Don't you have this in reverse? False negatives will just result in
userspace not having useful extra information for the -EFAULT it
receives from KVM_RUN, in which case userspace can do what you
mentioned all VMMs do today and just terminate the VM. Whereas a false
positive might cause a double-write to the KVM_RUN struct, either
putting incorrect information in kvm_run.memory_fault or corrupting
another member of the union.

> > That in turn looks problematic for the
> > memory-fault-exit-on-fast-gup-failure part of this series, because
> > there are at least a couple of cases for which kvm_mmu_do_page_fault
> > will -EFAULT. One is the early-efault-on-fast-gup-failure case which
> > was the original purpose of this series.
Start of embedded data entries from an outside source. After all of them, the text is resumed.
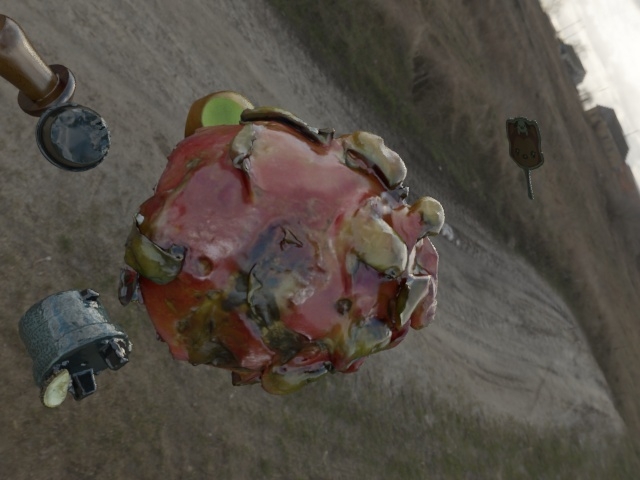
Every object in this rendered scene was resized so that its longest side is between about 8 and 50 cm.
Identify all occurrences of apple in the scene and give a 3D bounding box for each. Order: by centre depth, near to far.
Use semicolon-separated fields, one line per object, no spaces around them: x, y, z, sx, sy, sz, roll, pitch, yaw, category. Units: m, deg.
-0.207;-0.238;1.067;0.146;0.163;0.147;149;-69;-76;apple

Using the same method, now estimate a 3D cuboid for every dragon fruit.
0.000;0.000;0.544;0.296;0.263;0.314;70;32;-42;dragon fruit

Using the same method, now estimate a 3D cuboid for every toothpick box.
-0.870;-0.504;1.490;0.294;0.192;0.192;60;21;-58;toothpick box

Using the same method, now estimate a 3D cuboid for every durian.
-0.693;0.388;1.307;0.066;0.130;0.052;14;20;-20;durian

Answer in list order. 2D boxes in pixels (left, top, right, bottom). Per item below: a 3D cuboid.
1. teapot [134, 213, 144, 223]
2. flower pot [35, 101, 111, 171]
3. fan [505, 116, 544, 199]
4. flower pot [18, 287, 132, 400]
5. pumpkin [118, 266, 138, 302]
-0.642;-0.087;1.842;0.064;0.083;0.064;-67;157;-8;teapot
-0.539;-0.229;1.122;0.157;0.107;0.157;-8;104;-33;flower pot
0.513;-0.202;1.260;0.132;0.009;0.220;-135;-154;-65;fan
-0.733;0.322;1.553;0.283;0.299;0.299;52;24;22;flower pot
-0.664;0.171;1.949;0.280;0.190;0.139;6;81;-39;pumpkin

Another is a -EFAULT from
> > FNAME(fetch) (passed up through FNAME(page_fault)). There might be
> > other cases as well. But unless userspace can/should resolve *all*
> > such -EFAULTs in the same manner, a kvm_run.memory_fault populated in
> > "kvm_mmu_page_fault" wouldn't be actionable.
>
> Killing the VM, which is what all VMMs do today in response to -EFAULT, is an
> action.  As I've pointed out elsewhere in this thread, userspace needs to be able
> to identify "faults" that it (userspace) can resolve without a hint from KVM.
>
> In other words, KVM is still returning -EFAULT (or a variant thereof), the _only_
> difference, for all intents and purposes, is that userspace is given a bit more
> information about the source of the -EFAULT.
>
> > At least, not without a whole lot of plumbing code to make it so.
>
> Plumbing where?

In this example, I meant plumbing code to get a
kvm_run.memory_fault.flags which is more specific than (eg)
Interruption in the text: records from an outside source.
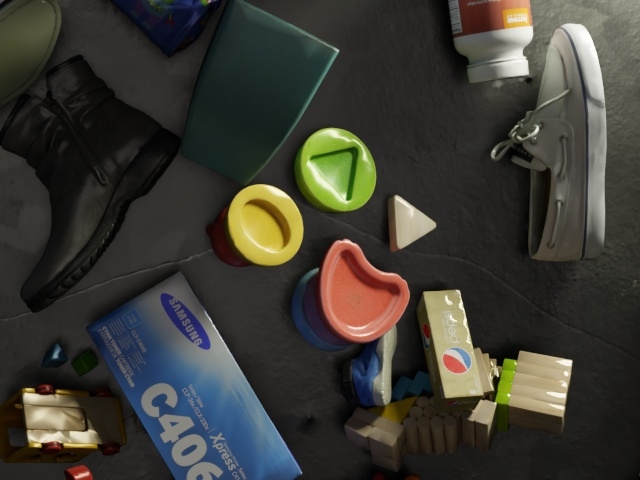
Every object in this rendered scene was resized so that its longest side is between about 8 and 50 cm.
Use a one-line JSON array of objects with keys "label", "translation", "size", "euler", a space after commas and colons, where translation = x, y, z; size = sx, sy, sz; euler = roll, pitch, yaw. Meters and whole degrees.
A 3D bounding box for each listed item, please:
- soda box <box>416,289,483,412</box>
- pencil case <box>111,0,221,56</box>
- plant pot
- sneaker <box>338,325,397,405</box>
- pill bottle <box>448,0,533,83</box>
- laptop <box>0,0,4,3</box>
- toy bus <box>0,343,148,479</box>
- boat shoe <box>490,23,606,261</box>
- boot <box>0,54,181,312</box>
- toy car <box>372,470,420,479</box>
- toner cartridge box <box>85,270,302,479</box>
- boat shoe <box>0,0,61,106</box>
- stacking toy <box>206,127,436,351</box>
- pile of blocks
[{"label": "soda box", "translation": [0.195, 0.167, 1.758], "size": [0.061, 0.058, 0.181], "euler": [-3, 60, -10]}, {"label": "pencil case", "translation": [-0.273, -0.409, 1.647], "size": [0.133, 0.119, 0.306], "euler": [-41, 102, 18]}, {"label": "plant pot", "translation": [-0.105, -0.211, 1.674], "size": [0.166, 0.165, 0.234], "euler": [25, 99, -10]}, {"label": "sneaker", "translation": [0.068, 0.181, 1.785], "size": [0.085, 0.058, 0.152], "euler": [-3, 69, 23]}, {"label": "pill bottle", "translation": [0.254, -0.349, 1.740], "size": [0.121, 0.121, 0.216], "euler": [-10, 96, -9]}, {"label": "laptop", "translation": [-0.683, -0.326, 1.513], "size": [0.382, 0.236, 0.408], "euler": [-46, 105, -3]}, {"label": "toy bus", "translation": [-0.373, 0.276, 1.694], "size": [0.202, 0.191, 0.104], "euler": [48, 128, -10]}, {"label": "boat shoe", "translation": [0.343, -0.143, 1.777], "size": [0.157, 0.136, 0.367], "euler": [-5, 105, -6]}, {"label": "boot", "translation": [-0.381, -0.082, 1.676], "size": [0.223, 0.118, 0.338], "euler": [37, 81, -4]}, {"label": "toy car", "translation": [0.093, 0.429, 1.780], "size": [0.182, 0.159, 0.136], "euler": [-35, 65, -5]}, {"label": "toner cartridge box", "translation": [-0.185, 0.235, 1.703], "size": [0.165, 0.075, 0.347], "euler": [-32, 86, -7]}, {"label": "boat shoe", "translation": [-0.496, -0.224, 1.622], "size": [0.127, 0.113, 0.340], "euler": [19, 110, -51]}, {"label": "stacking toy", "translation": [0.000, 0.000, 1.761], "size": [0.309, 0.130, 0.279], "euler": [45, 60, -13]}, {"label": "pile of blocks", "translation": [0.218, 0.267, 1.808], "size": [0.362, 0.149, 0.112], "euler": [-10, 139, 0]}]

MEMFAULT_REASON_PAGE_FAULT_FAILURE from the -EFAULT paths under
kvm_mmu_page_fault. My idea for how userspace would distinguish
fast-gup failures was that kvm_faultin_pfn would set a special bit in
kvm_run.memory_fault.flags to indicate its failure. But (still
assuming that we shouldn't have false-positive kvm_run.memory_fault
fills) if the memory_fault can only be populated from
kvm_mmu_page_fault then either failures from FNAME(page_fault) and
kvm_faultin_pfn will be indistinguishable to userspace, or those
functions will need to plumb more specific exit reasons all the way up
to kvm_mmu_page_fault.

But, since you've made this point elsewhere, my guess is that your
answer is that it's actually userspace's job to detect the "specific"
reason for the fault and resolve it.